--- Task data ---

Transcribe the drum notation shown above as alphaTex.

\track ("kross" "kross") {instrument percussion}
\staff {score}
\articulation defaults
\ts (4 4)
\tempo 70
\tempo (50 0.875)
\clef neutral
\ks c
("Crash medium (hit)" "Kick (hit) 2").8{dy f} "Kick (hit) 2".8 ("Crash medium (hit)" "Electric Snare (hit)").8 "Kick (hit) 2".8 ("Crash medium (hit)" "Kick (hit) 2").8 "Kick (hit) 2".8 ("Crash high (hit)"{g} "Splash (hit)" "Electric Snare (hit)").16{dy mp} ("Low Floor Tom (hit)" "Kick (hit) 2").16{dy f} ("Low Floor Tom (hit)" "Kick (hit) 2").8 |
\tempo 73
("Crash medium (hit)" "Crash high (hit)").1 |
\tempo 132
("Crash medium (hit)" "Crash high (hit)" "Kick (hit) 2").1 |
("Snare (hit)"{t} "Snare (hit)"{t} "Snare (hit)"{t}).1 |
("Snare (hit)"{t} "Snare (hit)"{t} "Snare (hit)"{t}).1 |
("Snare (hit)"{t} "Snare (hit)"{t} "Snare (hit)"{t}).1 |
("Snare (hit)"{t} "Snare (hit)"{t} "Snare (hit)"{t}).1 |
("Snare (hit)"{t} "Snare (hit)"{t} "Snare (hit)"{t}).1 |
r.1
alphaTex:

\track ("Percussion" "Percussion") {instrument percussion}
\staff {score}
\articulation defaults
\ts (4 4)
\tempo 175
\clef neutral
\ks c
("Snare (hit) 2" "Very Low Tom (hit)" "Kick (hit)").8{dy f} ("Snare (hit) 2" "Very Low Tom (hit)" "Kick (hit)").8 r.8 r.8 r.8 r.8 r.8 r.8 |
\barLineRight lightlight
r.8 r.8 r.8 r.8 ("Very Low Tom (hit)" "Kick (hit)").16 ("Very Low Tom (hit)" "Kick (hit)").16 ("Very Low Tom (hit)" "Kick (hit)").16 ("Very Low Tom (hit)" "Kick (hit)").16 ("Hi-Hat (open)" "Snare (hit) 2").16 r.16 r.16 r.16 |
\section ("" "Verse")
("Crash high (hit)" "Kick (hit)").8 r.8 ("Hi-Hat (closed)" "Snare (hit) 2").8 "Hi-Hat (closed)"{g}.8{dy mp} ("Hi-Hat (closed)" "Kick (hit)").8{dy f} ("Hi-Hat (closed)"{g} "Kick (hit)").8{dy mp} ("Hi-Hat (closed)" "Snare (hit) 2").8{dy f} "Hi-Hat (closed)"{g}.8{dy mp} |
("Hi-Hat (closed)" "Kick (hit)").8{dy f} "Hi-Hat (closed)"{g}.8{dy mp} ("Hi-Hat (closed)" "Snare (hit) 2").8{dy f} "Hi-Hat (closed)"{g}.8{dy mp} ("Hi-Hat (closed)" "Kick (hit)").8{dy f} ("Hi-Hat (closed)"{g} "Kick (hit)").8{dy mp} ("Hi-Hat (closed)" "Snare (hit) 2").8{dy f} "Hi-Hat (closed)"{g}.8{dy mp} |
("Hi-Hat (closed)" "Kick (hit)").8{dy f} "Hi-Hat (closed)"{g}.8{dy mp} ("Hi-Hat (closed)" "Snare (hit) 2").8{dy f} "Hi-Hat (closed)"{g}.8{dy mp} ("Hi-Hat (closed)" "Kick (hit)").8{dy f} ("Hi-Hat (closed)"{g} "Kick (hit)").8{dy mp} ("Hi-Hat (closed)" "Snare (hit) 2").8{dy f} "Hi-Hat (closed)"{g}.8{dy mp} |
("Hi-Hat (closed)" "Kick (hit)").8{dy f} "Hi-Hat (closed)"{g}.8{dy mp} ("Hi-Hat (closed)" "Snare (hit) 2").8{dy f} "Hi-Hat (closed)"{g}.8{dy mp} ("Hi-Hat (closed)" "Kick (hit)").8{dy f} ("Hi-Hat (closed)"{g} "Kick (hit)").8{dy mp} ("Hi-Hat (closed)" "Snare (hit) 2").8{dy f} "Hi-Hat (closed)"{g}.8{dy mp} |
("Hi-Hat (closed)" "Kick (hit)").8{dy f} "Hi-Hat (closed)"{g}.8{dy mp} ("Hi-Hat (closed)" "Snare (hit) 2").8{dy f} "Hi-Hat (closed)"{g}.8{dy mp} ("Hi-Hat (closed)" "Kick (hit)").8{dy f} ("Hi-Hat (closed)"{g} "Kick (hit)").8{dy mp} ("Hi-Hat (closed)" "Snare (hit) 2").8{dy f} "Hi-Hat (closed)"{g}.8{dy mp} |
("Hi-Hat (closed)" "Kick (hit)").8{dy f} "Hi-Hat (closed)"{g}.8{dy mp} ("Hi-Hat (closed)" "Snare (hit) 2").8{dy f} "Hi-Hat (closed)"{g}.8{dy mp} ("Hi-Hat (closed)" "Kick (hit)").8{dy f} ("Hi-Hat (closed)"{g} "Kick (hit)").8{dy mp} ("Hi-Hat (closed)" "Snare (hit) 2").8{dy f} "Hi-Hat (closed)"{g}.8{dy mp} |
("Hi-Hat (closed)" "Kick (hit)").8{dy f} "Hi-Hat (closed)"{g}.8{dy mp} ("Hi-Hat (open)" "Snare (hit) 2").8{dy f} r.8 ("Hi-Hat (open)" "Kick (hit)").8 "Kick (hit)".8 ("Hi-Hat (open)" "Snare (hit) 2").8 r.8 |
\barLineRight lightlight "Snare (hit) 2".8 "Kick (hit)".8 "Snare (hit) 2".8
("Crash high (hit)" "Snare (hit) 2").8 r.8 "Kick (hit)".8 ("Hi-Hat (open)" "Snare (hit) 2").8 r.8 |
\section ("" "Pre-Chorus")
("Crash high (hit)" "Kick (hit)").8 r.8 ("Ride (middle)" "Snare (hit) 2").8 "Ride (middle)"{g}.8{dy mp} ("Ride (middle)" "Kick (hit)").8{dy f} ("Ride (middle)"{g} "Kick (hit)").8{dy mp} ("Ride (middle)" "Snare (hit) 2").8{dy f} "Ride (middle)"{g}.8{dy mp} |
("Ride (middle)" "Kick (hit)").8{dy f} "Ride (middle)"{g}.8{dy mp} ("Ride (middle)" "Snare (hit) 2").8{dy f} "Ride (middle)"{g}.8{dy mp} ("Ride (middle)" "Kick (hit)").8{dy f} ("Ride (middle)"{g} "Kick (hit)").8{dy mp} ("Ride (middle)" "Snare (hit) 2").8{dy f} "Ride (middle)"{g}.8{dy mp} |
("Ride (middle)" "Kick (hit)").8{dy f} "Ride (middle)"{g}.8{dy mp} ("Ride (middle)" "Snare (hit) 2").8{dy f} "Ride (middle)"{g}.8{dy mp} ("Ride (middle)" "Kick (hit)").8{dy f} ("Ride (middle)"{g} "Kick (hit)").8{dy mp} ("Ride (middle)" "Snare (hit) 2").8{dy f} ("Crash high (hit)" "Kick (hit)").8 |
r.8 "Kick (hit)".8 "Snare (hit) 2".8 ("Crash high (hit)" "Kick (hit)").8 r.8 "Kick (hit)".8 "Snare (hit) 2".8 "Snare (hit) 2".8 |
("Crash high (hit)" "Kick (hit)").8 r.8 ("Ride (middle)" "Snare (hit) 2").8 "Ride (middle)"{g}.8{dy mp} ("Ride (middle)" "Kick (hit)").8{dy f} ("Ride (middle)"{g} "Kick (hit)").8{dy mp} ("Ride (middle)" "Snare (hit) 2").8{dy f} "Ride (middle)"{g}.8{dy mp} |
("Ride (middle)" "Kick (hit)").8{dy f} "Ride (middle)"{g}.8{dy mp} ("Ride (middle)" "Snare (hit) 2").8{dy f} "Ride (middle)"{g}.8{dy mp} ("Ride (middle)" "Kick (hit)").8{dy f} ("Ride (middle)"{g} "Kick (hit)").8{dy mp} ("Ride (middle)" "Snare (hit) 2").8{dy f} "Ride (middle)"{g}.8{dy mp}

---

▸ **Exercise objective**
Look through the material above and pick out each line holding the word "track".

▸ **Response for this exercise**
\track ("kross" "kross") {instrument percussion}
\track ("Percussion" "Percussion") {instrument percussion}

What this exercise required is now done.